Стуколкин только пожал плечами: делай как знаешь, тебе виднее.
Воронкин, подмигнув, предложил:
— У лекаря, который сюда приезжал, насчет спирта спроси. Скажи — Цыган требует. За то, что брюхо не распорол…
— Верно, привет передай дружку! — ухмыльнулся и Стуколкнн, вспомнив визит фельдшера.
А Фома Ионыч забеспокоился, не уверенный в шуточности их слов:
— Ты, Виктор, не вздумай чего. Не дури. К фельдшеру тебе и заходить нечего, прямо к врачу ступай. Я ему записку напишу, Григорию Алексеичу.
— Я ему так все расскажу, деда! — крикнула из-за непритворенной двери Настя, гремевшая в сенях ведрами. — Я тоже поеду, если подвода будет. В библиотеку мне надо, книги поменять.
— Езжай, коли так! — разрешил мастер. — Тогда и без конюха управитесь. Заодно мне растирание спросишь от поясницы. Такое же, как давали, скажи.
Поездка прибавила еще одну каплю отравы в мятущуюся душу Виктора Шугина. Самую горькую, самую ядовитую…

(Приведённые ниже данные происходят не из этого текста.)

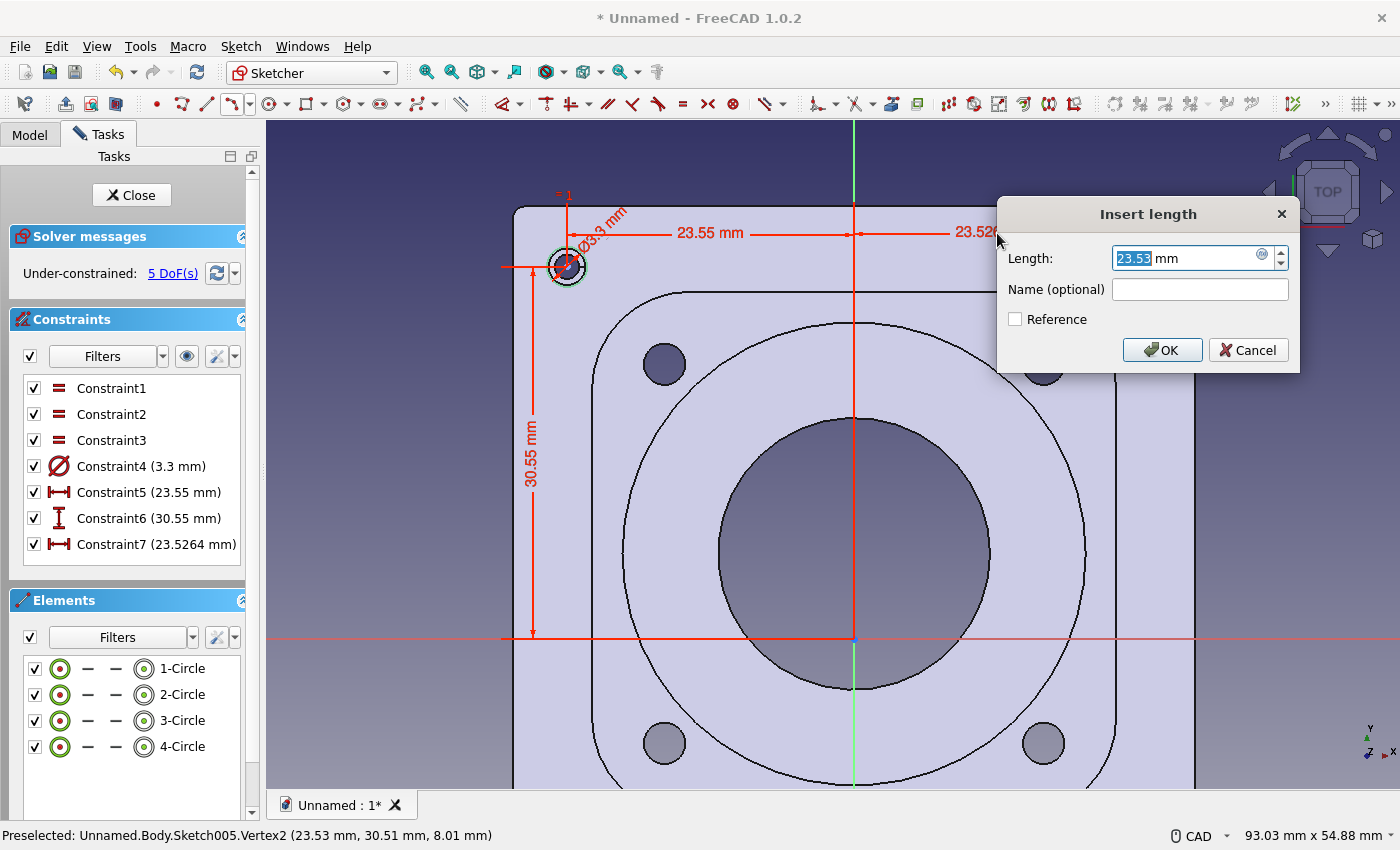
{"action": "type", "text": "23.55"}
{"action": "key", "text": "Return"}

Оберегая больную ногу, он сидел на щедрой охапке сена, придерживаясь за борта телеги, спина в спину с Настей. Дорога из-под колес, по ступицы утопающих в разбитых колеях, струилась обратно, куда ему поневоле приходилось смотреть. Туда уплывали вороха изоржавленных листьев, наметенных ветром к обочинам, свежие вдавлины от подков с устремленными по течению дороги рогами. Рыжая густая вода в частых колдобинах, взбаламученная ногами коня и колесами телеги, усиливала впечатление потока. Шугину казалось, будто поток этот порывается унести его назад, вспять.